Yes. Take that five gallons of oil and fill the engine with as much oil as it can hold. After a week, remove the oil drain plug and let the oil drain out. Remove the sparkplugs so that any oil above the pistons is pushed out the sparkplug holes. With breaker bar and a socket that fits the crankshaft bolt, try rotating the engine by hand to see if the engine is free to rotate. If it doesn’t rotate by doing this, then there’s a bigger problem inside the engine.

Tester


#8

I have to echo Scudder here . . . the money you’ll try to save by not taking it to your garage by trailer or rollback will easily be eaten up by the first problem you have . . . dry rotted tire going flat and ruining a wheel . . . tie rod letting loose due to dry joint or something leading to an accident . . . engine fire due to rotted gas lines or something crawled up into somewhere . . . seriously, don’t drive it, trailer it and have fun going over stuff when you get it to a convenient and safe location. Rocketman


#9

Thanks everyone for your comments. i appreciate it very much. If anyone thinks of anything else i should do, please let me know. Can anyone tell me if the crankshaft bolt is identifiable on my picture above?
thanks,
Chuck


#10

Can’t quite see the crankshaft pulley on your pic, it’ll be the lowest pulley on the engine. Pull the plugs and ensure you turn the pulley bolt in the direction of engine rotation.

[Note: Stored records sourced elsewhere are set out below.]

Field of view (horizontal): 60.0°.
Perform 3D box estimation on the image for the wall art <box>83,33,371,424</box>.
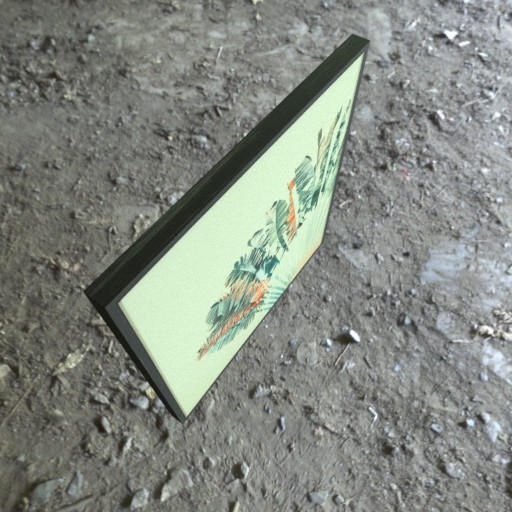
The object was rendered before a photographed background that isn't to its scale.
[{"bbox_3d":[0.000,0.000,1.095,0.043,0.758,0.762,31,63,18],"label":"wall art"}]
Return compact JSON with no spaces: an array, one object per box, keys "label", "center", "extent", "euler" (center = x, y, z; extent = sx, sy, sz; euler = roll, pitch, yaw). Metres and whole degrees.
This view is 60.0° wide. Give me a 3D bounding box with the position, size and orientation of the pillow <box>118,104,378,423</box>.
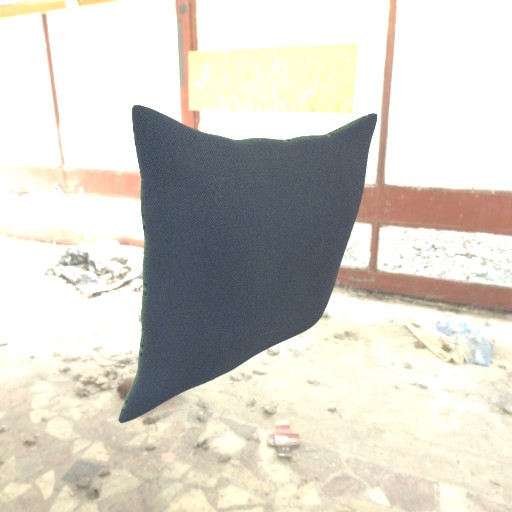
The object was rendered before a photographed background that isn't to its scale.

…err…and make sure you drain and refill the engine oil to the correct level BEFORE you start the engine. Turning by hand with the engine full of oil is fine, but starting it will blow every engine seal in site. New oil filter is mandatory.

Expect ‘some’ smoke when you start her up, that will be residue oil on the cylinder walls, it’ll soon burn off provided the engine doesn’t have any mechanical issues.

Since you’ll have a little time on your hands oiling the engine up, I’d flush the cooling system, drain and replace the brake fluid and change out all the belts. Your HT leads will probably be dross, change them with new plugs, and get a can of electrical contact cleaner from Radio Shack ~ ‘gently’ pull apart every wire connector you can get your hands on and give it a squirt of cleaner and a scrub with a contact brush, it’ll save you a lot of frustration later.

Other than that, check for any obviously bad fuel lines, drain and flush the tank if you can otherwise try some fuel conditioner with fresh gas and change the fuel filter.

This sounds like a lot of work but think of it as insurance, do it now or try to do it later in less than favourable conditions.


#11

Boy Chuck! If you don’t know where the crankshaft bolt is located, you might be biting off more than you can chew.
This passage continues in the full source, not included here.